La deuxième question concerne le rôle de l'Église et des catholiques face aux problèmes liés à l'environnement, qui ne manquent pas. Le point original du catholicisme est de reconnaître que, justement en tant que Création, il existe un ordre naturel établi par le Créateur, qui a placé l'homme au sommet de la Création, unique créature vivante faite à l'image et à la ressemblance de Dieu. L'expérience bénédictine nous montre que ceux qui vivent en «cherchant Dieu» rendent encore plus belle la création, en plus de rendre la vie plus humaine, et au contraire, le désordre environnemental découle de la rupture du lien avec Dieu, qui peut générer l'exploitation sauvage d'une part et la déification de la nature de l'autre. Voilà pourquoi la première contribution que l'Eglise peut donner à la question de l'environnement est l'évangélisation et cela est aussi le sens profond de l'«écologie humaine».
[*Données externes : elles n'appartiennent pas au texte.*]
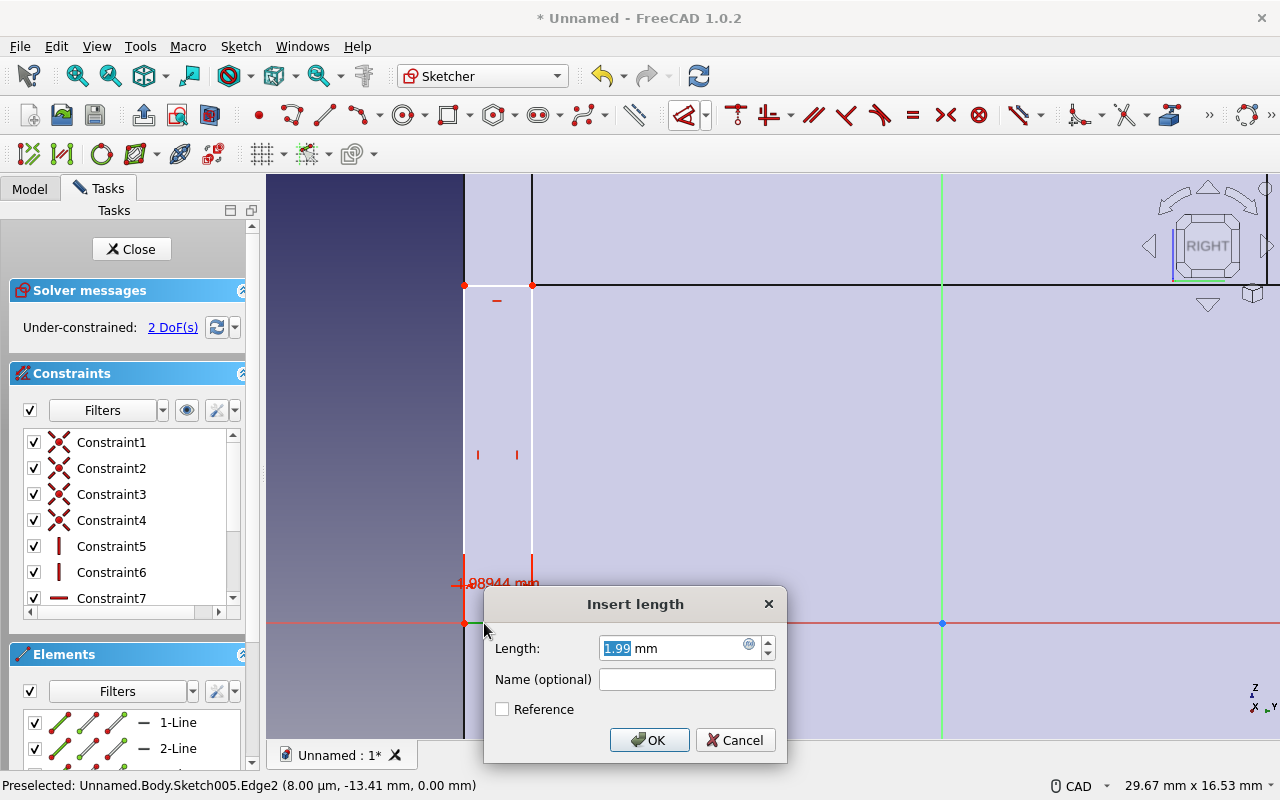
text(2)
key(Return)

Mais c'est une prise de conscience qui semble s'être obscurcie, diluée dans un œcuménisme écologiste qui apparaît comme le «bras éthique» d'un pouvoir mondial: toutes les religions ensemble pour donner une consistance morale à l'engagement que les agences de l'ONU nous demandent pour la santé de la planète. Face à des sécheresse prolongées ou des inondations soudaines, non plus des processions, des prières, des messes; non, à présent, l'ordre est de réduire les émissions de dioxyde de carbone. Aujourd'hui, «la pleine conversion des cœurs et des esprits» signifie pour les leaders religieux être des «modèles» de durabilité, a dit hier le cardinal Turcson: «Donnons l'exemple! Imaginez quel message positif ce serait pour les gens de foi non seulement de prêcher la durabilité, mais de vivre une vie durable! Par exemple, pensez quel message positif ce serait si les églises, mosquées, synagogues et temples à travers le monde pouvaient devenir à "zéro émission"». («So let religious leaders step up to the plate! Let us lead by example! Think of the positive message it would send for people of faith to not only preach sustainability but to live sustainable lives! For example, think of the positive message it would send for churches, mosques, synagogues, and temples all over the world to become carbon neutral».)

Ce ne sont pas les idées loufoques d'un cardinal, c'est la mauvaise habitude qui prévaut dans l'Eglise: la même conception se retrouve dans la «conversion écologique» établie par l'ordre des Jésuites; dans les diocèses ou les paroisses où l'on annonce comme un «geste prophétique» l'installation de panneaux solaires sur les églises paroissiales; dans les «gestes de carême» où parmi les pratiques de conversion est indiquée la collecte des déchets; dans les concours pour l'«Eglise durable».

Bref, le vrai changement de climat qui devrait nous inquiéter est celui que l'on observe dans l'Église.